К Фортунам это относилось в полной мере. О возвращении и речи не шло. Тони, глава семейства, на родину свою таил обиды еще с Первой мировой. Он получил американское гражданство, чем очень гордился. Когда Фортуны покидали Италию, мир уже начал меняться; теперь ни Ассунта, ни Антонио, ни дети не узнали бы родных мест. На патриархальные деревушки сыпались бомбы, уничтожая не только строения и людей, но и сам уклад жизни. Стеллу не отпускало ощущение, что прежняя деревня Иеволи сохраняется лишь в закоулках ее памяти.
По ночам над головами грохотали самолеты. Вся семья трепетала при мысли о возможной бомбежке. Как и остальные жители Хартфорда, Фортуны плотно занавешивали окна и не смели включать свет, чтобы их не засекли с воздуха. Хартфорд был центром производства боеприпасов; буквально в десяти минутах ходьбы от дома, где жили Фортуны, находился завод Кольта, выпускавший огнестрельное оружие; он теперь работал круглосуточно. В дни войны Хартфорд наводил жуть: пустые улицы, черные окна, за которыми едва угадывается человеческое присутствие. Фонари и светофоры были отключены, на вечерние курсы Стелла с Тиной пробирались чуть ли не ощупью.
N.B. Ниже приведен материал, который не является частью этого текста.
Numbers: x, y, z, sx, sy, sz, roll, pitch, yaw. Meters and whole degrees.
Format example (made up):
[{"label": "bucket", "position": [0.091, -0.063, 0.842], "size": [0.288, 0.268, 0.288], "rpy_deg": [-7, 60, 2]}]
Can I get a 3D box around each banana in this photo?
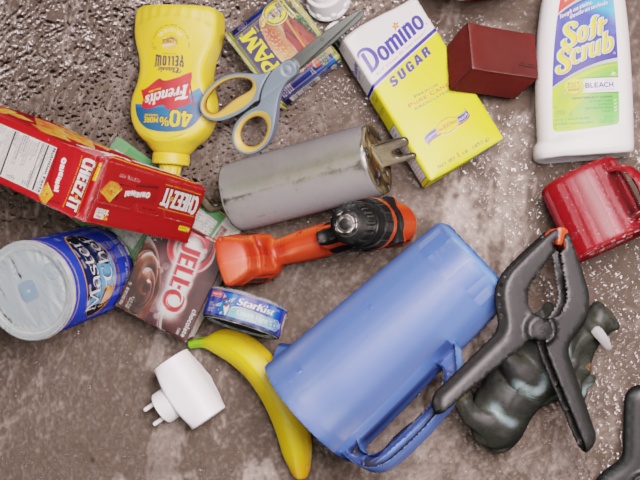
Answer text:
[{"label": "banana", "position": [-0.060, 0.165, 1.155], "size": [0.198, 0.037, 0.070], "rpy_deg": [51, 125, 10]}]

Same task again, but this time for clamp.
[{"label": "clamp", "position": [0.337, 0.244, 1.072], "size": [0.120, 0.039, 0.171], "rpy_deg": [23, 100, 16]}, {"label": "clamp", "position": [0.213, 0.094, 1.020], "size": [0.164, 0.036, 0.210], "rpy_deg": [22, 82, -9]}]

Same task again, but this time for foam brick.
[{"label": "foam brick", "position": [0.173, -0.179, 1.077], "size": [0.078, 0.051, 0.053], "rpy_deg": [6, 71, -20]}]

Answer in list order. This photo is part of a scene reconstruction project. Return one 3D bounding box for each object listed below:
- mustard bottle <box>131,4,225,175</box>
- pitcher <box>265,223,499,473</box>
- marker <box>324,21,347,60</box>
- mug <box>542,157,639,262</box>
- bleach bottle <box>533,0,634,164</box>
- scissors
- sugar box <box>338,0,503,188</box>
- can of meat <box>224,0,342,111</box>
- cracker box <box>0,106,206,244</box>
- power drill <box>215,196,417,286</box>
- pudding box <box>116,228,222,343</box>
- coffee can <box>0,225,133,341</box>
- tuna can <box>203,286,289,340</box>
[{"label": "mustard bottle", "position": [-0.158, -0.157, 1.162], "size": [0.096, 0.058, 0.191], "rpy_deg": [4, 91, 13]}, {"label": "pitcher", "position": [0.078, 0.106, 1.078], "size": [0.243, 0.145, 0.149], "rpy_deg": [-43, 97, 5]}, {"label": "marker", "position": [0.045, -0.181, 1.141], "size": [0.020, 0.020, 0.121], "rpy_deg": [-35, 84, 9]}, {"label": "mug", "position": [0.278, -0.034, 1.051], "size": [0.093, 0.117, 0.081], "rpy_deg": [-18, 79, -30]}, {"label": "bleach bottle", "position": [0.259, -0.207, 1.078], "size": [0.102, 0.068, 0.251], "rpy_deg": [-4, 87, 9]}, {"label": "scissors", "position": [-0.030, -0.154, 1.095], "size": [0.202, 0.016, 0.096], "rpy_deg": [-19, 95, 20]}, {"label": "sugar box", "position": [0.103, -0.153, 1.106], "size": [0.093, 0.048, 0.176], "rpy_deg": [-31, 87, -9]}, {"label": "can of meat", "position": [-0.037, -0.204, 1.139], "size": [0.084, 0.057, 0.102], "rpy_deg": [-37, 83, 7]}, {"label": "cracker box", "position": [-0.250, -0.071, 1.096], "size": [0.214, 0.164, 0.072], "rpy_deg": [22, 94, 30]}, {"label": "power drill", "position": [-0.007, 0.001, 1.078], "size": [0.188, 0.184, 0.057], "rpy_deg": [-13, 84, 20]}, {"label": "pudding box", "position": [-0.155, 0.041, 1.156], "size": [0.090, 0.039, 0.113], "rpy_deg": [26, 97, 11]}, {"label": "coffee can", "position": [-0.274, 0.043, 1.135], "size": [0.103, 0.140, 0.103], "rpy_deg": [2, 98, 16]}, {"label": "tuna can", "position": [-0.078, 0.077, 1.116], "size": [0.086, 0.086, 0.034], "rpy_deg": [15, 79, 11]}]

К большому сожалению, никто из Фортунов, кроме Антонио, не имел пока американского гражданства. Для правительства все члены семьи Антонио были «враждебными иностранцами». Их таковыми и записали в мэрии, сфотографировали и заставили сдать отпечатки пальцев. Новое удостоверение «враждебного иностранца» требовалось всюду носить с собой. Задержат без него – мало не покажется. Полиция была вправе нагрянуть в любой момент, устроить в квартире обыск, допрос, конфискацию. Письмо из Италии могло скомпрометировать Фортунов. Многие их земляки отправились в лагерь за нарушения режима. У семьи даже радио отобрали – вдруг станут его использовать для коммуникации с экипажами немецких подлодок?